Não o conheci pessoalmente, mas conversei com muita gente que o conheceu, que conviveu com ele aqui na firma. Ele era muito bom mesmo, segundo a opinião geral. E por mais incrível que possa parecer pelo que diz o pessoal o tal diretor vivia pra empresa, não tinha vida própria e aparentemente não dormia, estava sempre ligado. O cara era incansável mesmo.
Reza a lenda que ele migrava sempre, trocava de sala quase que semanalmente e só era encontrado por quem e quando queria, no mundo físico. Porque no mundo virtual, ele estava a um click de qualquer um.
A minha discordância quanto ao primeiro relato é sobre a supercapacidade que se atribui a Norite. O cara era muito bom executando ordens, controlando funcionários, observando o que os outros criavam e analisando tecnicamente os programas. E isso sem dúvida é muito útil para uma empresa, principalmente se essa figura trabalha 24 horas por dia e sete dias por semana!
Mas ninguém falou sobre uma criação sequer do tal “meta-homem!” Ele observava, analisava, era rápido, mas NÃO CRIAVA. Nem aqui nem em qualquer outro lugar, pois, como se sabe, não tinha outra vida senão a profissional.

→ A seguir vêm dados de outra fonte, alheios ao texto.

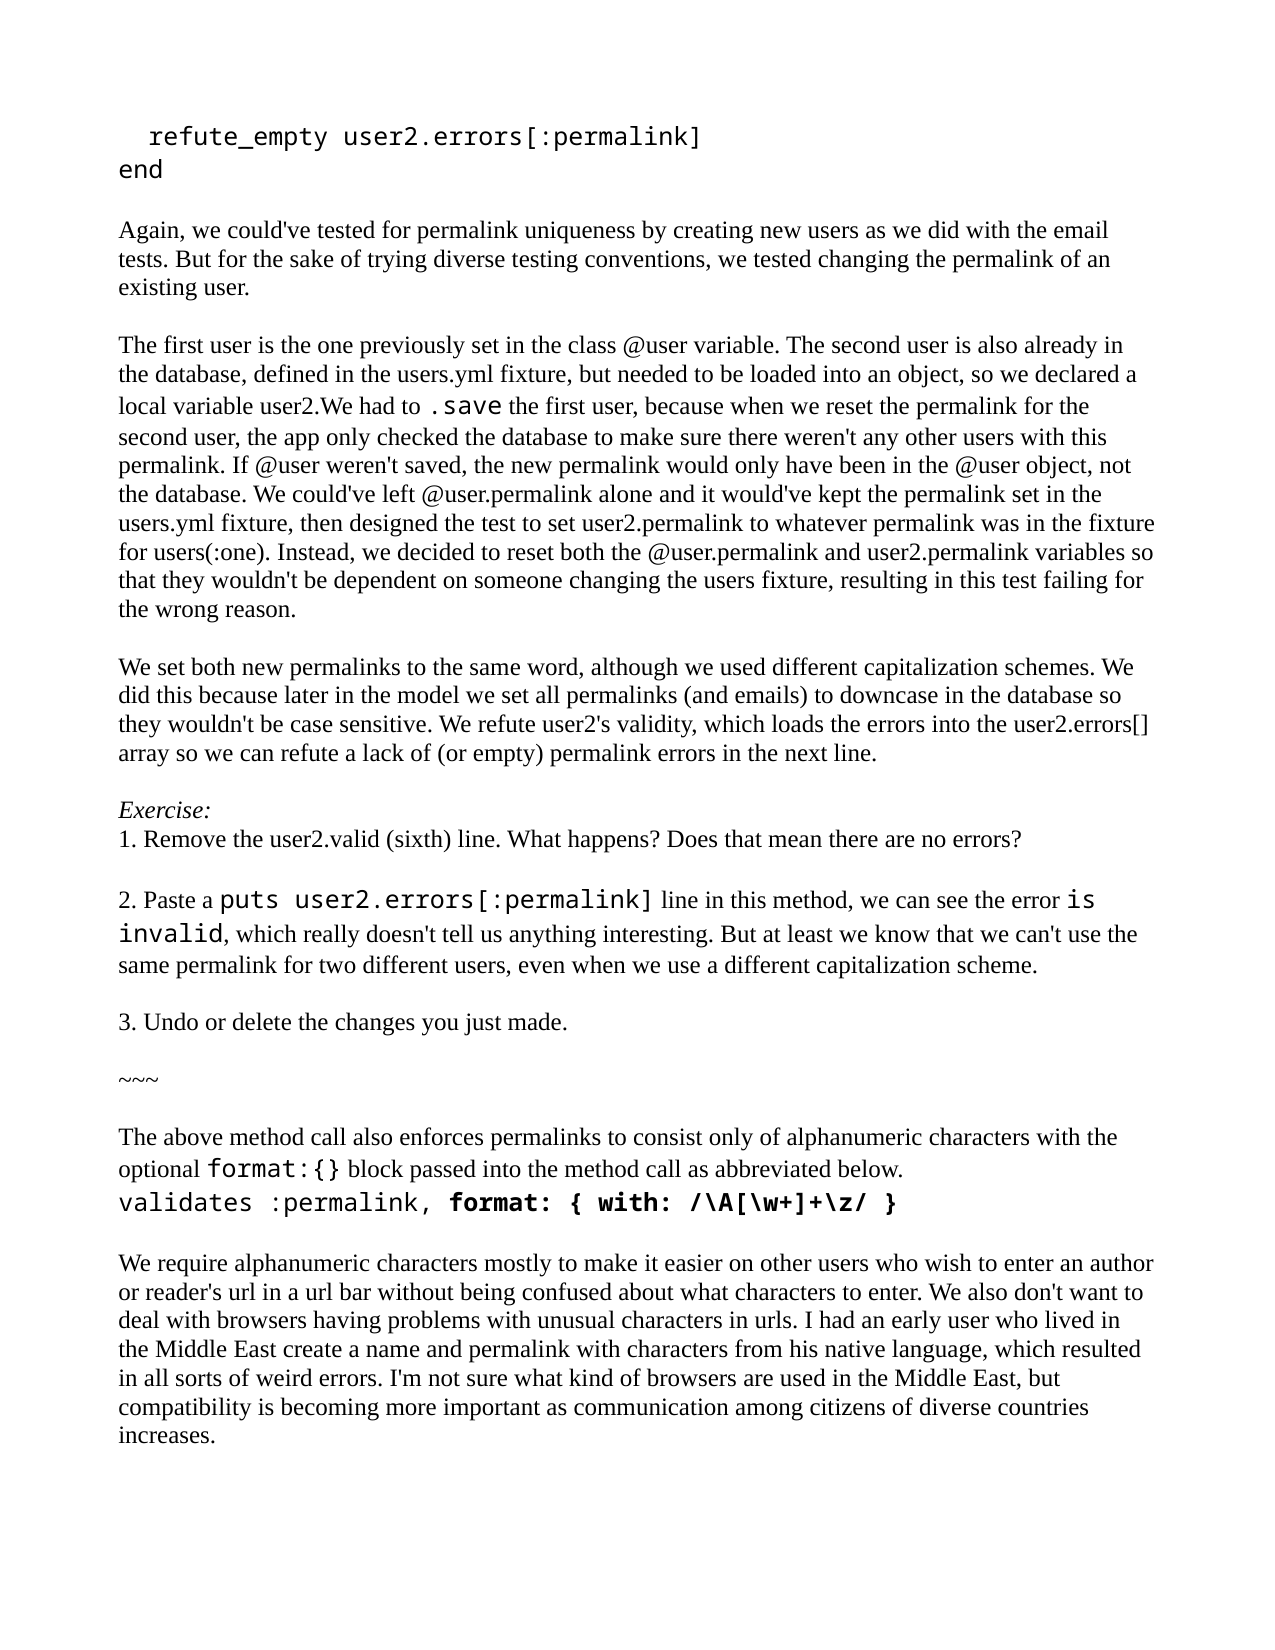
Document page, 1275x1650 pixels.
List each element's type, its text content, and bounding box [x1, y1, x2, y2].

Conversei com um homem (cujo nome não divulgarei pra evitar possíveis perseguições) que me disse que Norite às vezes tentava criar jogos em linguagem ultrapassada, mas nem isso conseguia.

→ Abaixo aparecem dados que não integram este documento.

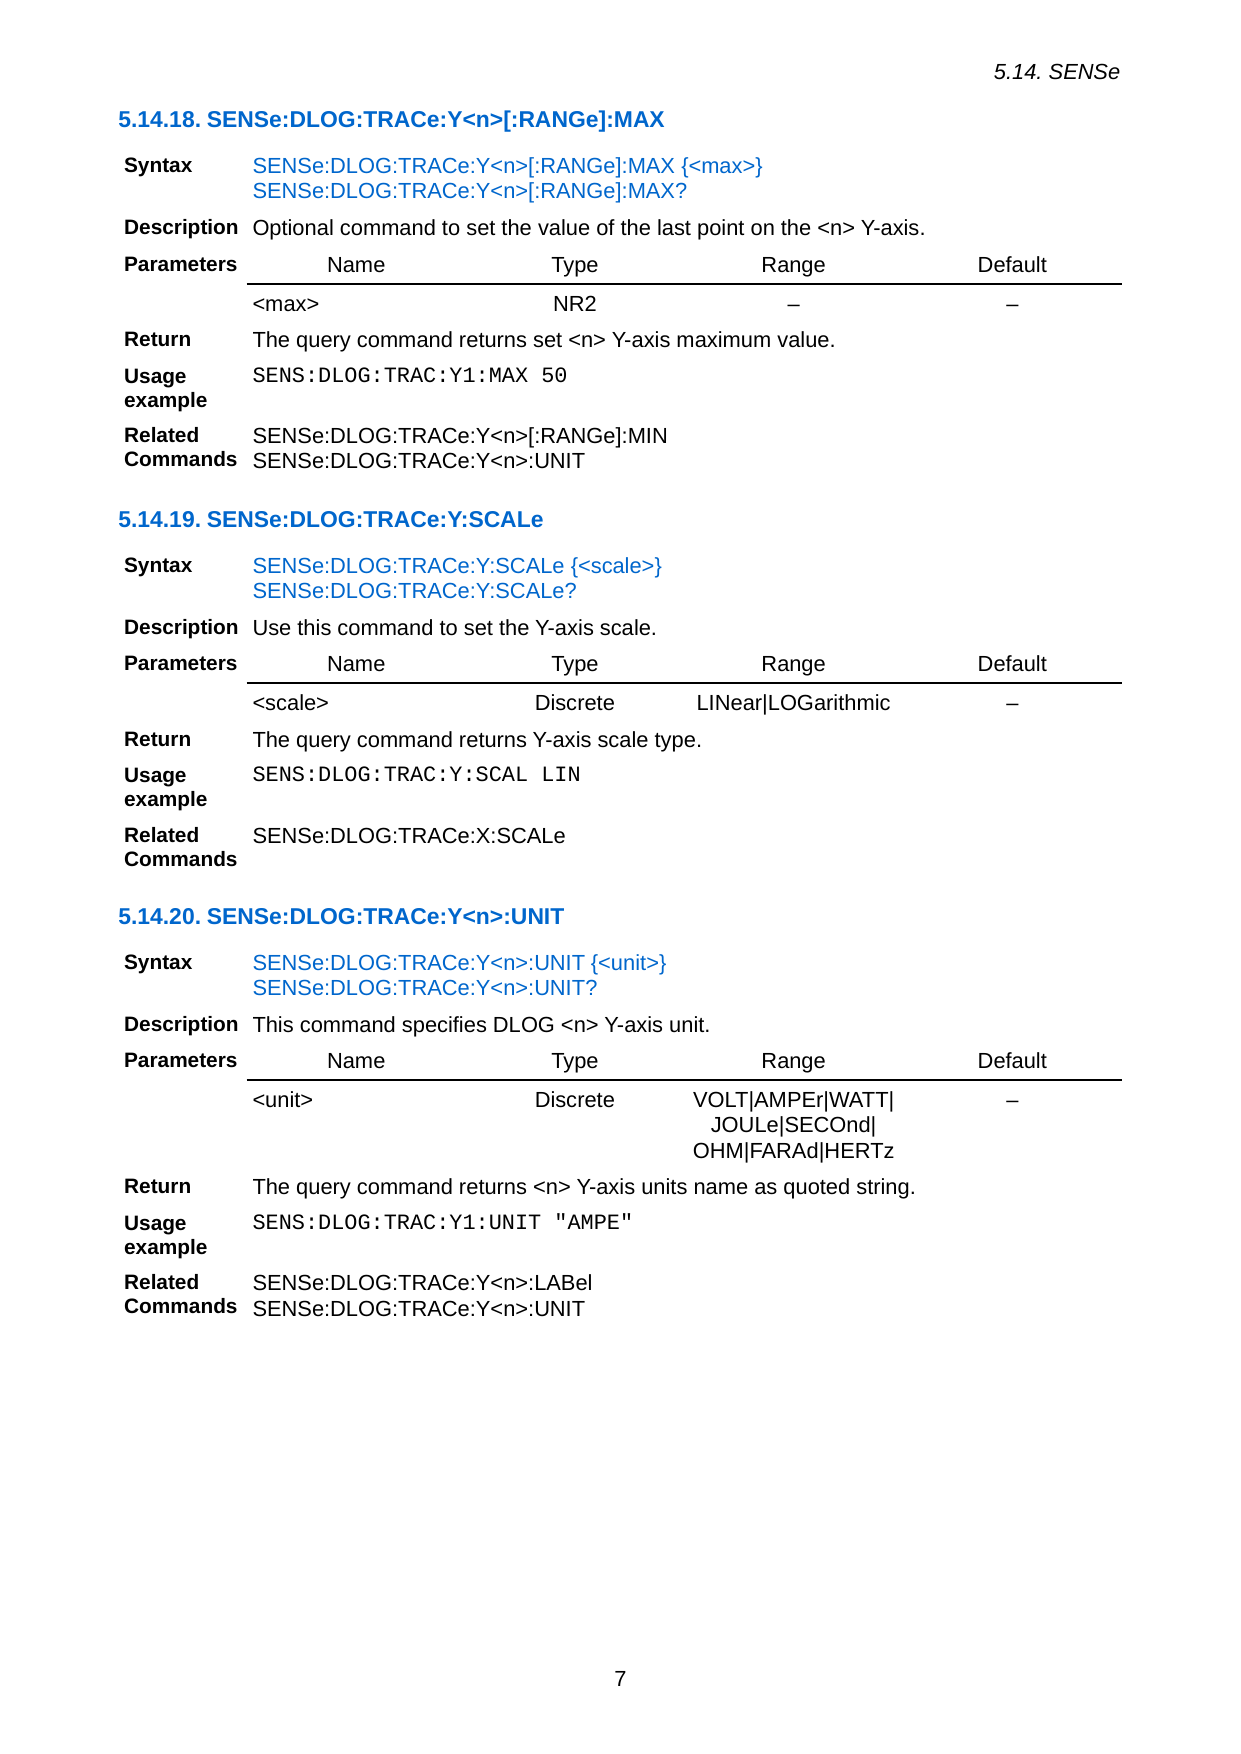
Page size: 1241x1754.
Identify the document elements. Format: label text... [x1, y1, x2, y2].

table_cell Related Commands [118, 1265, 247, 1326]
table_cell The query command returns <n> Y-axis units name as quoted string. [247, 1169, 1122, 1205]
table_cell Type [465, 646, 684, 682]
table_cell Default [903, 246, 1122, 283]
table_cell Default [903, 1043, 1122, 1079]
table_cell Range [684, 646, 903, 682]
table_cell Return [118, 721, 247, 758]
table_header SENSe:DLOG:TRACe:Y<n>:UNIT {<unit>} SENSe:DLOG:TRACe:Y<n>:UNIT? [247, 944, 1122, 1006]
table_cell SENS:DLOG:TRAC:Y:SCAL LIN [247, 758, 1122, 817]
table_header Syntax [118, 944, 247, 1006]
table_header Syntax [118, 547, 247, 609]
table_cell <max> [247, 285, 465, 321]
table_cell – [903, 285, 1122, 321]
table_cell This command specifies DLOG <n> Y-axis unit. [247, 1006, 1122, 1043]
subtitle SENSe:DLOG:TRACe:Y<n>[:RANGe]:MAX [118, 106, 1122, 133]
table_cell Type [465, 246, 684, 283]
table_cell SENSe:DLOG:TRACe:X:SCALe [247, 817, 1122, 876]
table_cell Default [903, 646, 1122, 682]
table_cell Discrete [465, 684, 684, 721]
table_cell Description [118, 209, 247, 246]
table_cell Range [684, 1043, 903, 1079]
subtitle SENSe:DLOG:TRACe:Y<n>:UNIT [118, 903, 1122, 929]
table_cell Name [247, 1043, 465, 1079]
table_cell Parameters [118, 1043, 247, 1168]
table_cell Related Commands [118, 418, 247, 479]
table_header Syntax [118, 148, 247, 209]
table_cell NR2 [465, 285, 684, 321]
table_cell <scale> [247, 684, 465, 721]
table_cell Type [465, 1043, 684, 1079]
table_cell Name [247, 646, 465, 682]
table_cell Return [118, 321, 247, 358]
table_cell Parameters [118, 646, 247, 721]
table_cell Description [118, 1006, 247, 1043]
table_cell Name [247, 246, 465, 283]
table_cell SENS:DLOG:TRAC:Y1:MAX 50 [247, 358, 1122, 417]
table_cell – [903, 1081, 1122, 1168]
table_cell Return [118, 1169, 247, 1205]
table_cell Use this command to set the Y-axis scale. [247, 609, 1122, 646]
table_cell – [903, 684, 1122, 721]
table_cell SENS:DLOG:TRAC:Y1:UNIT "AMPE" [247, 1205, 1122, 1264]
table_cell SENSe:DLOG:TRACe:Y<n>[:RANGe]:MIN SENSe:DLOG:TRACe:Y<n>:UNIT [247, 418, 1122, 479]
table_cell SENSe:DLOG:TRACe:Y<n>:LABel SENSe:DLOG:TRACe:Y<n>:UNIT [247, 1265, 1122, 1326]
table_cell Related Commands [118, 817, 247, 876]
subtitle SENSe:DLOG:TRACe:Y:SCALe [118, 506, 1122, 532]
table_cell Usage example [118, 358, 247, 417]
table_cell Usage example [118, 1205, 247, 1264]
table_cell Description [118, 609, 247, 646]
table_cell Range [684, 246, 903, 283]
table_cell <unit> [247, 1081, 465, 1168]
table_cell LINear|LOGarithmic [684, 684, 903, 721]
table_cell Usage example [118, 758, 247, 817]
table_header SENSe:DLOG:TRACe:Y<n>[:RANGe]:MAX {<max>} SENSe:DLOG:TRACe:Y<n>[:RANGe]:MAX? [247, 148, 1122, 209]
table_header SENSe:DLOG:TRACe:Y:SCALe {<scale>} SENSe:DLOG:TRACe:Y:SCALe? [247, 547, 1122, 609]
table_cell Discrete [465, 1081, 684, 1168]
table_cell The query command returns set <n> Y-axis maximum value. [247, 321, 1122, 358]
table_cell Parameters [118, 246, 247, 321]
table_cell – [684, 285, 903, 321]
table_cell The query command returns Y-axis scale type. [247, 721, 1122, 758]
table_cell VOLT|AMPEr|WATT|JOULe|SECOnd|OHM|FARAd|HERTz [684, 1081, 903, 1168]
table_cell Optional command to set the value of the last point on the <n> Y-axis. [247, 209, 1122, 246]

Se a evolução for Norite, estamos ferrados! Prefiro ser um dorminhoco criativo a ser um técnico incansável. Se o mundo ficar cheio de Norites, nada será inventado. Tudo será apenas supervisionado, analisado com rigor técnico.

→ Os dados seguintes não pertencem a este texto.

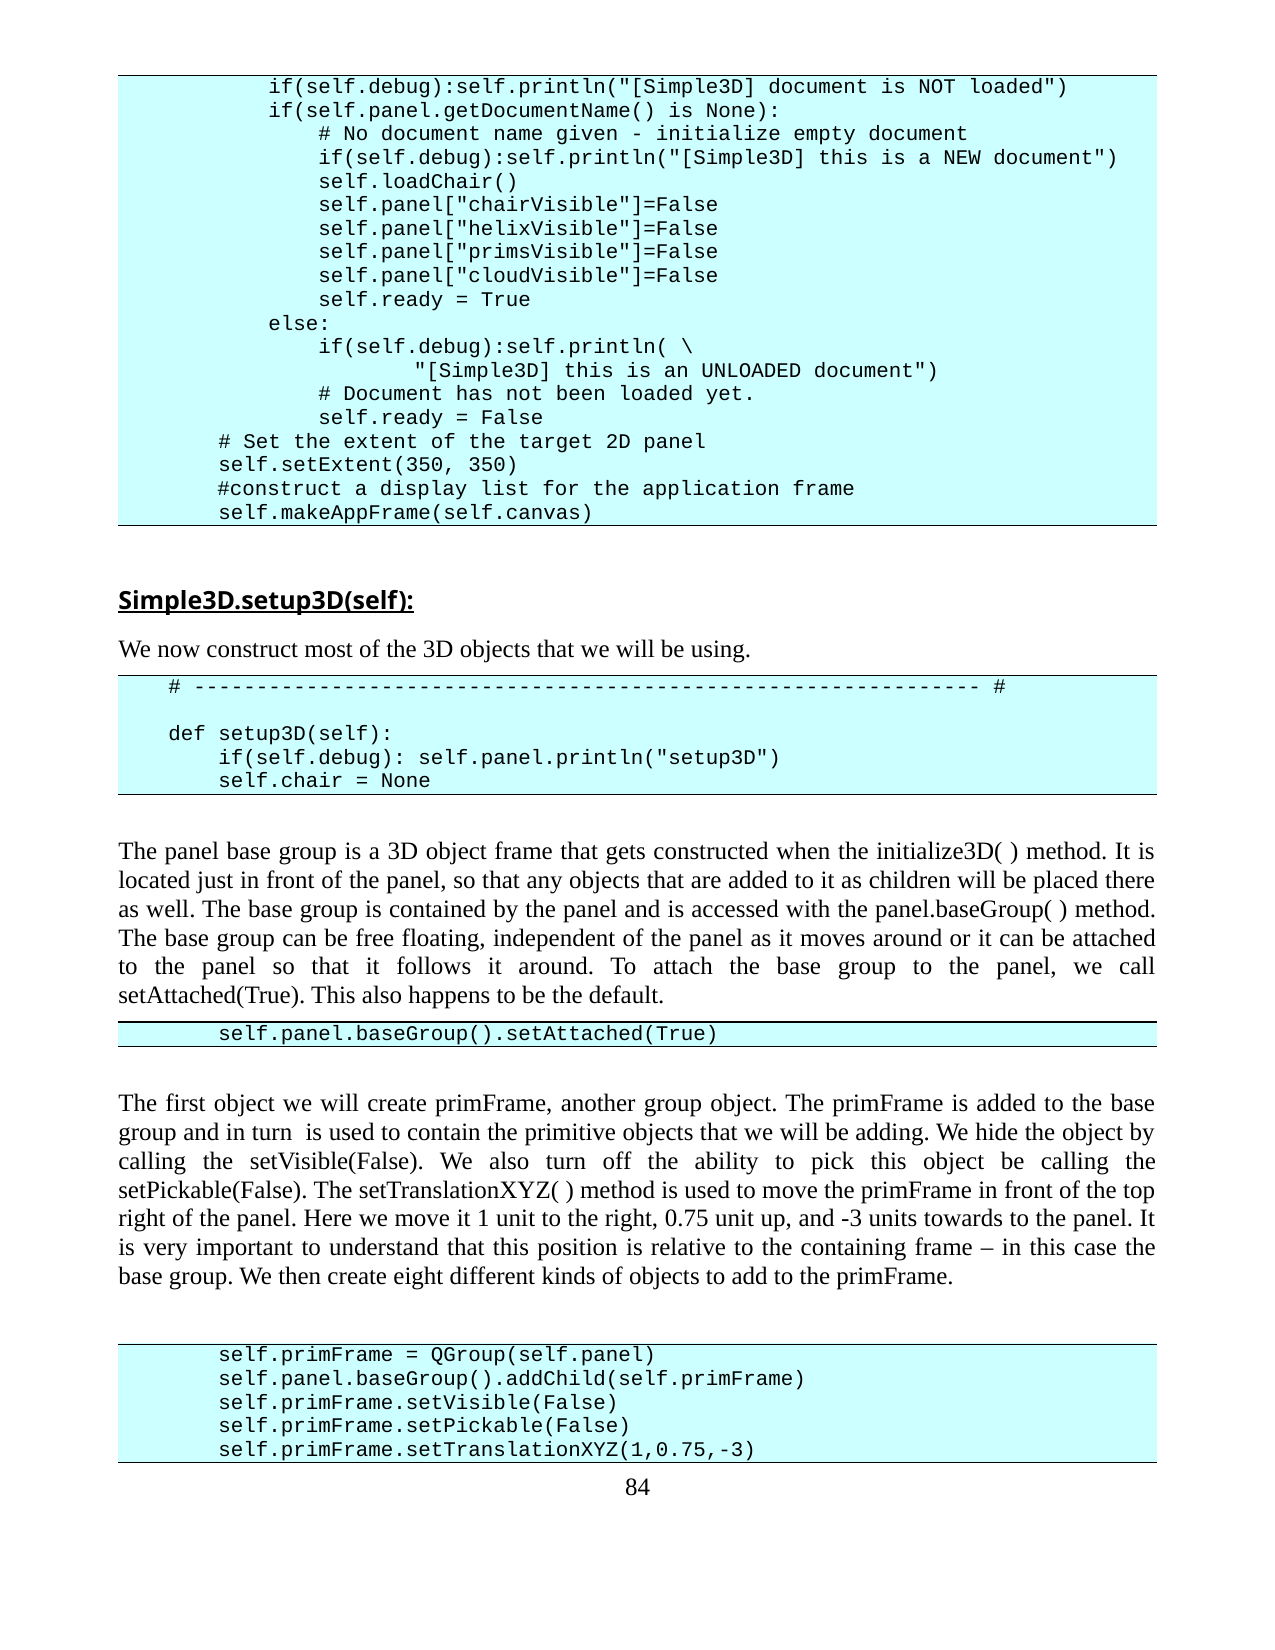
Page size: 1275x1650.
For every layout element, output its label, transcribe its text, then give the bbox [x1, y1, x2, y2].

text The panel base group is a 3D object frame that gets constructed when the initialize3D( ) method. It is located just in front of the panel, so that any objects that are added to it as children will be placed there as well. The base group is contained by the panel and is accessed with the panel.baseGroup( ) method. The base group can be free floating, independent of the panel as it moves around or it can be attached to the panel so that it follows it around. To attach the base group to the panel, we call setAttached(True). This also happens to be the default. [118, 836, 1157, 1009]
text #construct a display list for the application frame [118, 478, 1157, 501]
text if(self.debug):self.println("[Simple3D] document is NOT loaded") [118, 76, 1157, 100]
text self.loadChair() [118, 171, 1157, 194]
text We now construct most of the 3D objects that we will be using. [118, 634, 1157, 662]
text # Document has not been loaded yet. [118, 383, 1157, 407]
text self.panel["cloudVisible"]=False [118, 265, 1157, 289]
text self.chair = None [118, 769, 1157, 794]
text else: [118, 312, 1157, 336]
text The first object we will create primFrame, another group object. The primFrame is added to the base group and in turn is used to contain the primitive objects that we will be adding. We hide the object by calling the setVisible(False). We also turn off the ability to pick this object be calling the setPickable(False). The setTranslationXYZ( ) method is used to move the primFrame in front of the top right of the panel. Here we move it 1 unit to the right, 0.75 unit up, and -3 units towards to the panel. It is very important to understand that this position is relative to the containing frame – in this case the base group. We then create eight different kinds of objects to add to the primFrame. [118, 1088, 1157, 1290]
text self.panel["helixVisible"]=False [118, 218, 1157, 242]
text self.panel["primsVisible"]=False [118, 242, 1157, 265]
text self.primFrame = QGroup(self.panel) [118, 1345, 1157, 1368]
text if(self.panel.getDocumentName() is None): [118, 100, 1157, 123]
text self.panel.baseGroup().setAttached(True) [118, 1023, 1157, 1046]
text # Set the extent of the target 2D panel [118, 431, 1157, 454]
text # No document name given - initialize empty document [118, 123, 1157, 147]
text self.ready = False [118, 407, 1157, 431]
text self.panel["chairVisible"]=False [118, 194, 1157, 218]
text if(self.debug): self.panel.println("setup3D") [118, 747, 1157, 769]
text self.ready = True [118, 289, 1157, 312]
text self.primFrame.setVisible(False) [118, 1392, 1157, 1415]
text def setup3D(self): [118, 723, 1157, 747]
title Simple3D.setup3D(self): [118, 583, 1157, 617]
text self.primFrame.setPickable(False) [118, 1415, 1157, 1439]
text if(self.debug):self.println("[Simple3D] this is a NEW document") [118, 147, 1157, 171]
text self.setExtent(350, 350) [118, 454, 1157, 478]
text self.primFrame.setTranslationXYZ(1,0.75,-3) [118, 1439, 1157, 1462]
text # --------------------------------------------------------------- # [118, 676, 1157, 699]
text if(self.debug):self.println( \ [118, 336, 1157, 360]
text self.makeAppFrame(self.canvas) [118, 501, 1157, 525]
text "[Simple3D] this is an UNLOADED document") [118, 360, 1157, 383]
text self.panel.baseGroup().addChild(self.primFrame) [118, 1368, 1157, 1392]

Talvez esse ex-diretor seja uma involução. Tomara que ele não tenha vida pessoal mesmo, pois seria um risco ele espalhar genes assim. Pra falar a verdade, melhor que ele nem existisse, que fossem vários homens sob um avatar-diretor, porque uma pessoa assim é um citra-homem e não um ultra-homem ou meta-homem. Sendo mais claro: um cara desse não é humano. Não porque nos ultrapassou, mas porque está abaixo de nós.
Vivam aqueles que têm cansaço! Vivam aqueles que tem sono! Vivam aqueles que dormem! Vivam aqueles que criam!
Posfácio
Encontrei os dois relatos na minha gaveta. Não vou me identificar. Informo também que troquei os nomes das pessoas acima, para resguardá-las. Pensei em empreender uma nova pesquisa sobre o tal infatigável. Todavia, conclui que seria perda de tempo. Resolvi abrir a gaveta, deixar que a luz penetrasse nela.
Chega de páginas recolhidas, escondidas, cerradas na escuridão. Se quiser encarar os relatos como ficção, fique à vontade. O fato é que os encontrei na minha gaveta quando comecei a trabalhar numa empresa de softwares no centro do Rio.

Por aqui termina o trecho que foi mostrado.